• 文献标题:   Reduced Cytotoxicity of Graphene Nanosheets Mediated by Blood-Protein Coating
  • 文献类型:   Article
  • 作  者:   CHONG Y, GE CC, YANG ZX, GARATE JA, GU ZL, WEBER JK, LIU JJ, ZHOU RH
  • 作者关键词:   graphene, blood protein, interaction, cytotoxicity, safe design
  • 出版物名称:   ACS NANO
  • ISSN:   1936-0851 EI 1936-086X
  • 通讯作者地址:   Soochow Univ
  • 被引频次:   116
  • DOI:   10.1021/nn5066606
  • 出版年:   2015

▎ 摘  要

The advent and pending wide use of nanoscale materials urges a biosafety assessment and safe design of nanomaterials that demonstrate applicability to human medicine. In biological microenvironment, biomolecules will bind onto nanoparticles forming corona and endow nanoparticles new biological identity.

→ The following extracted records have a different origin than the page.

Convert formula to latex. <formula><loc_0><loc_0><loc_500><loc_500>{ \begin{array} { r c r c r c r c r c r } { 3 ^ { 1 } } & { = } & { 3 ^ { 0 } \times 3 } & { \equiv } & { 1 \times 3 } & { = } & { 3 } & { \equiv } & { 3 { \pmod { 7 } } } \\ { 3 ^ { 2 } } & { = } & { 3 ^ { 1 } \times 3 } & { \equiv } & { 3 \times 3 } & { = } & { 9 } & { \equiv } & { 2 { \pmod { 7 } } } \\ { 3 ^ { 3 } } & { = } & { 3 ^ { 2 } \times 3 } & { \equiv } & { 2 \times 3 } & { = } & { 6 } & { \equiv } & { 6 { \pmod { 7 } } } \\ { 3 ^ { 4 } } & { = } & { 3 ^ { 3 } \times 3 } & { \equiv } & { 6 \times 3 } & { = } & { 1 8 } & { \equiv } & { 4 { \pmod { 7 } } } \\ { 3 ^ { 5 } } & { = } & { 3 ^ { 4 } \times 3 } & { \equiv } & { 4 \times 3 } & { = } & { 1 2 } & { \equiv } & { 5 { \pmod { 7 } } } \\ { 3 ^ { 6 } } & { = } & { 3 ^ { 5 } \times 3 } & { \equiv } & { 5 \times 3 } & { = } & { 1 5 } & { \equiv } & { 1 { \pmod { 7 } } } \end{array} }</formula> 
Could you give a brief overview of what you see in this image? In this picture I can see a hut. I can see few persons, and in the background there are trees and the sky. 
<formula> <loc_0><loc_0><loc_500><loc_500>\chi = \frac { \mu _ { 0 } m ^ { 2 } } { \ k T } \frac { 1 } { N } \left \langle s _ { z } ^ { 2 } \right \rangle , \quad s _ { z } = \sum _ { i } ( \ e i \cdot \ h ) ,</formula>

Since blood-circulatory system will most likely be the first interaction organ exposed to these nanomaterials, a deep understanding of the basic interaction mechanisms between serum proteins and foreign nanoparticles may help to better clarify the potential risks of nanomaterials and provide guidance on safe design of nanomaterials. In this study, the adsorption of four high-abundance blood proteins onto the carbon-based nanomaterial graphene oxide (GO) and reduced GO (rGO) were investigated via experimental (AFM, florescence spectroscopy, SPR) and simulation-based (molecular dynamics) approaches. Among the proteins in question, we observe competitive binding to the GO surface that features a melange of distinct packing modes. Our MD simulations reveal that the protein adsorption is mainly enthalpically driven through strong pi-pi stacking interactions between GO and aromatic protein residues, in addition to hydrophobic interactions. Overall, these results were in line with previous findings related to adsorption of serum proteins onto single-walled carbon nanotubes (SWENTs), but GO exhibits a dramatic enhancement of adsorption capacity compared to this one-dimensional carbon form. Encouragingly, protein-coated GO resulted in a markedly less cytotoxicity than pristine and protein-coated SWENTs, suggesting a useful role for this planar nanomaterial in biomedical applications.